Records from a data collection
────────────────

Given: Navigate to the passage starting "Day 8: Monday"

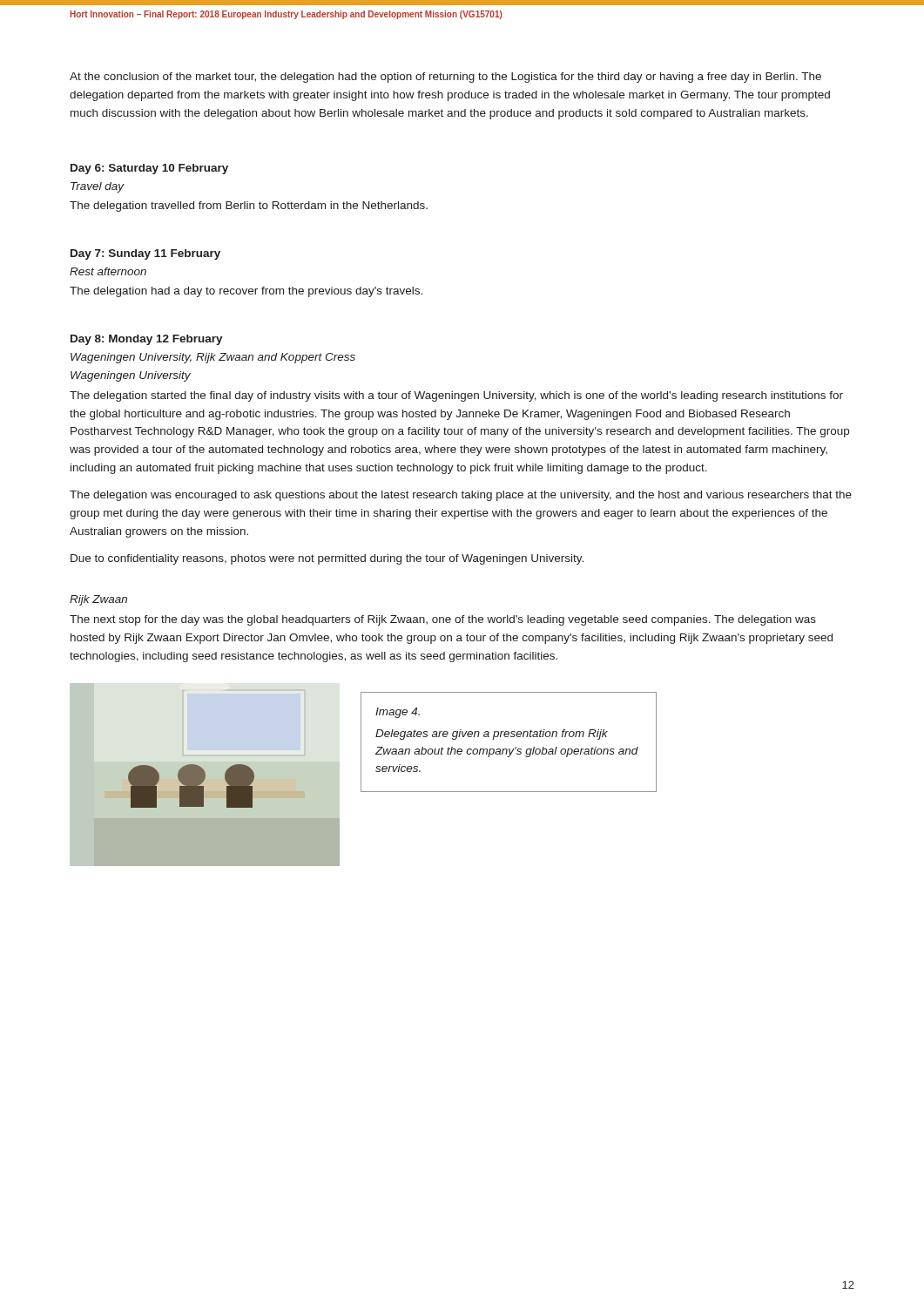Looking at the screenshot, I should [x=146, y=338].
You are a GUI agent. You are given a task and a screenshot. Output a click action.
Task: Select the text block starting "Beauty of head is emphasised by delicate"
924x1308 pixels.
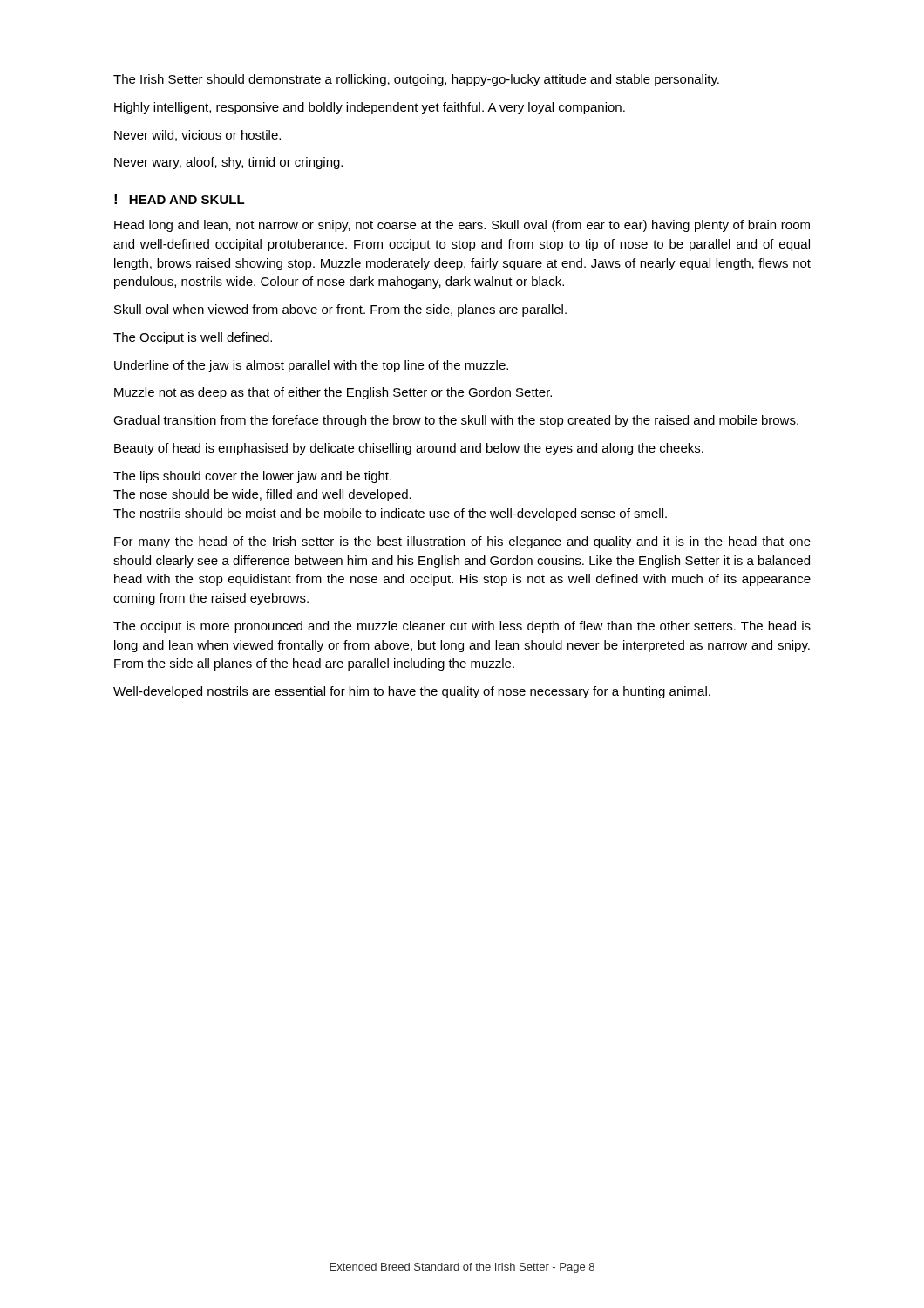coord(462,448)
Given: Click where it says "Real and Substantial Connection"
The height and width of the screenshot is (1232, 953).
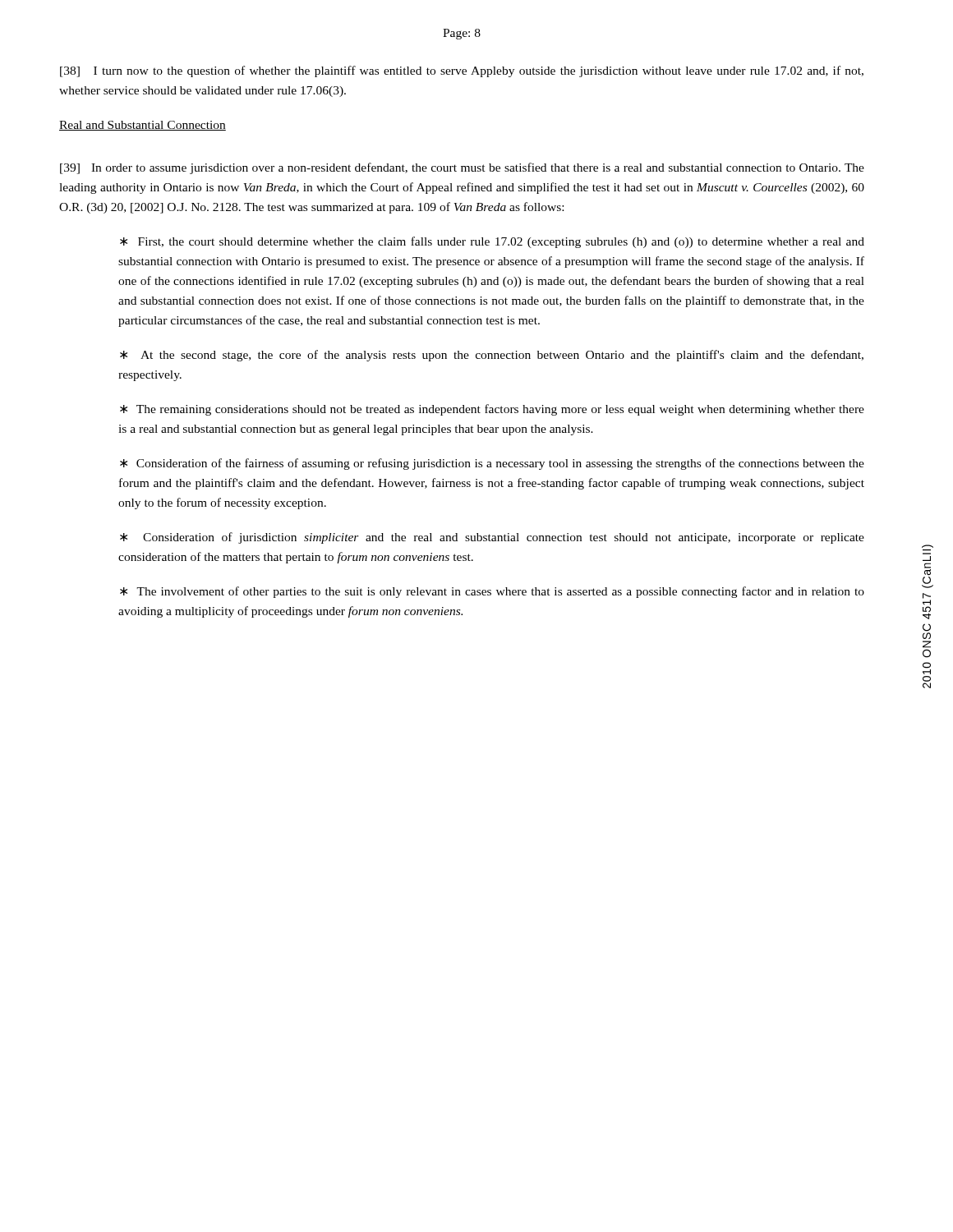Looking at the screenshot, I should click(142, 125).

────────────────

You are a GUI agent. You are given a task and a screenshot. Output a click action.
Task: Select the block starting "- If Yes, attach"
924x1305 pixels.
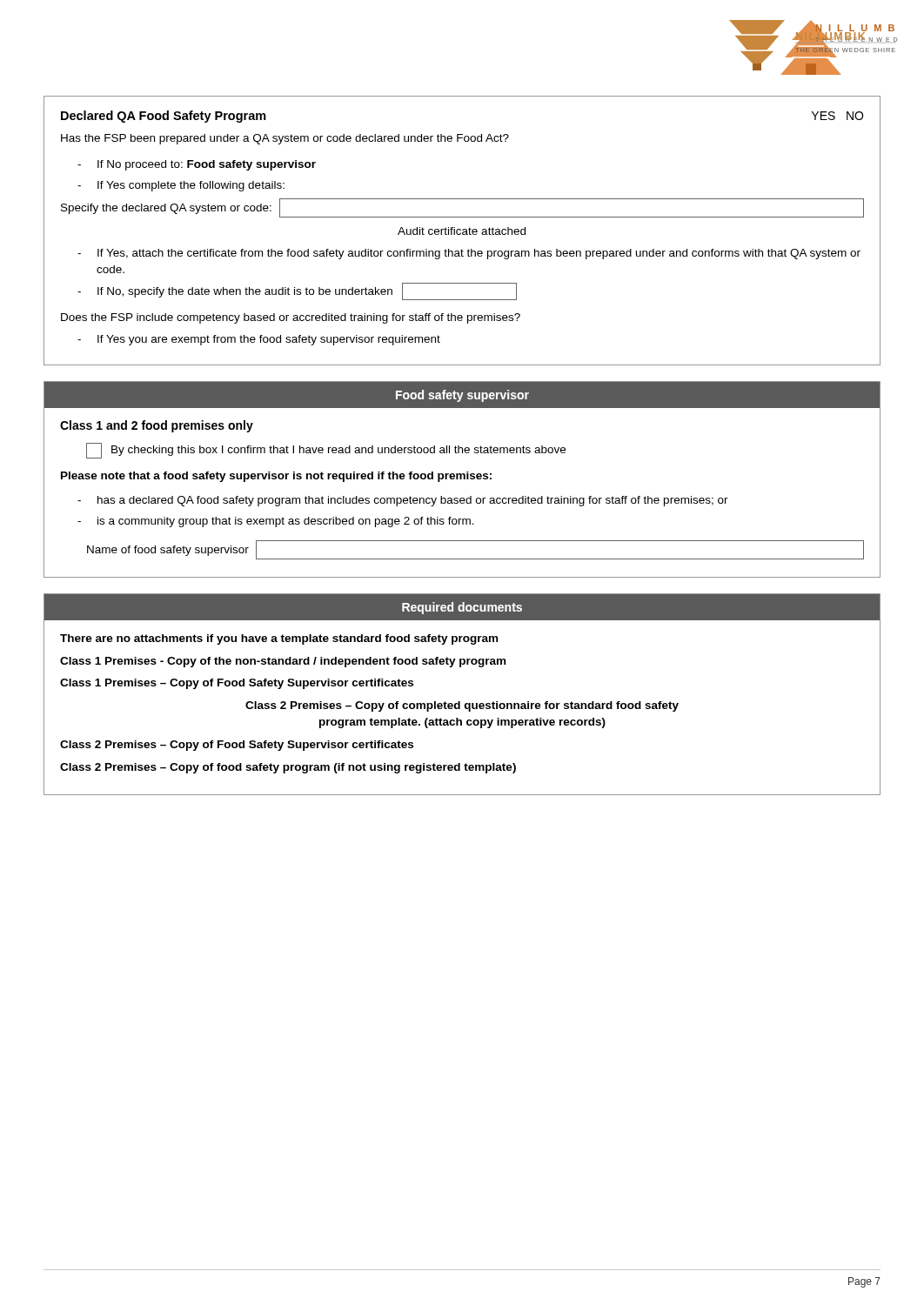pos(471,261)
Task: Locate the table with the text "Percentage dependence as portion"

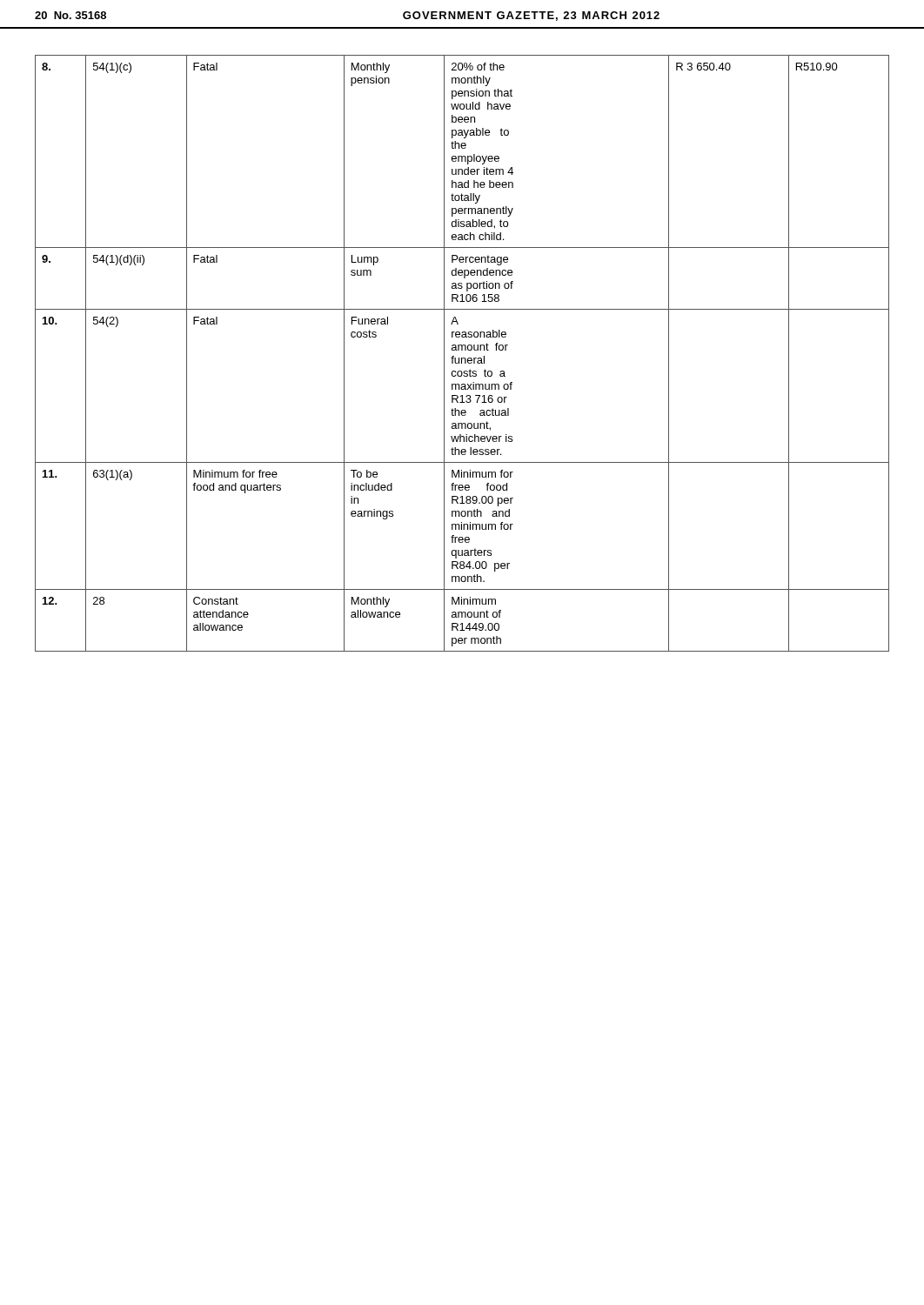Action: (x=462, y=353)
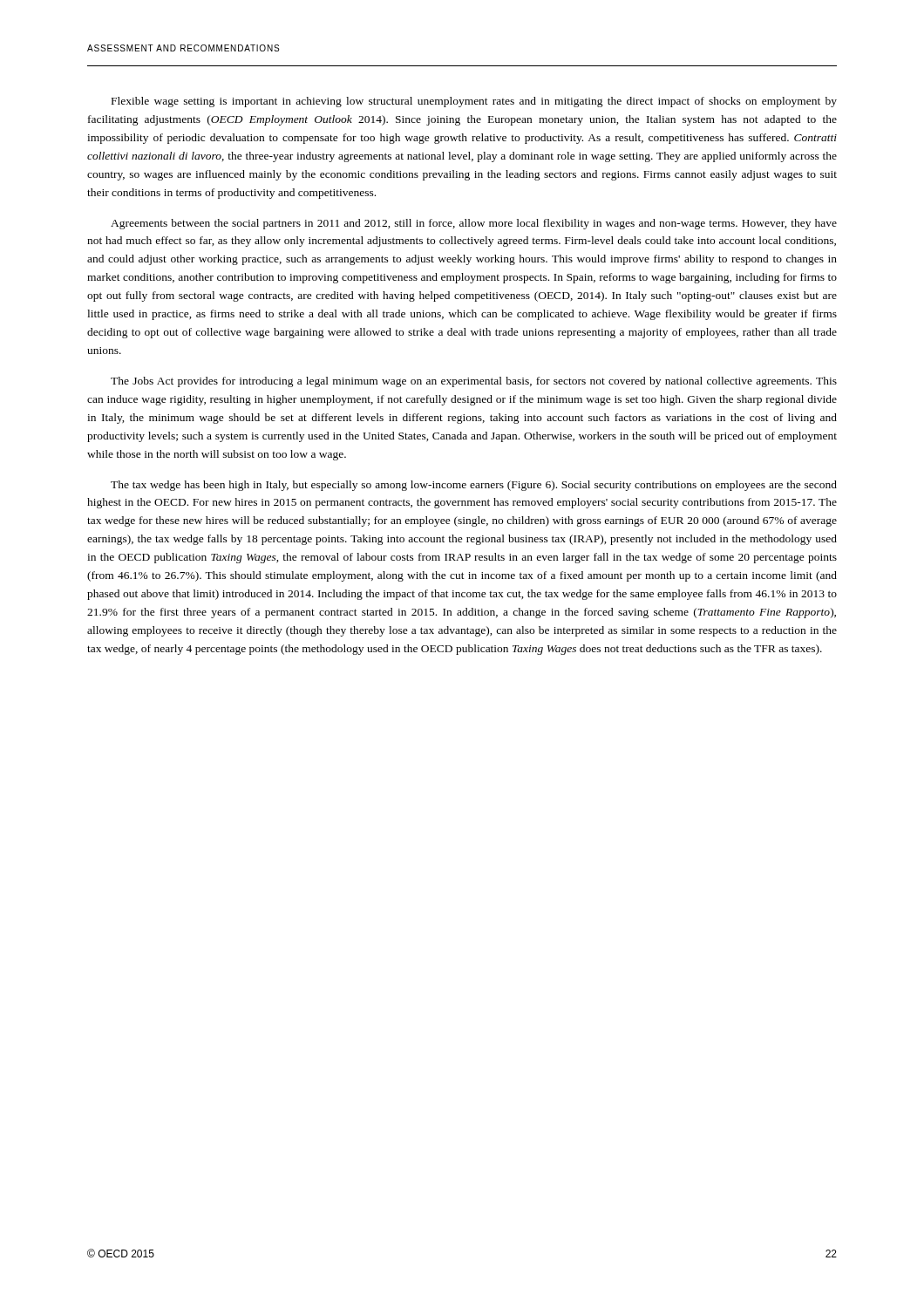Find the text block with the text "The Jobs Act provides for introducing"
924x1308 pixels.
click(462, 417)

────────────────

→ **Task requirements**
Go through the records above and return each line in which the word "Select" occurs.

→ **Exercise response**
Task: Select the text block starting "Beauty of head is emphasised by delicate"
Task: Select the block starting "- If Yes, attach"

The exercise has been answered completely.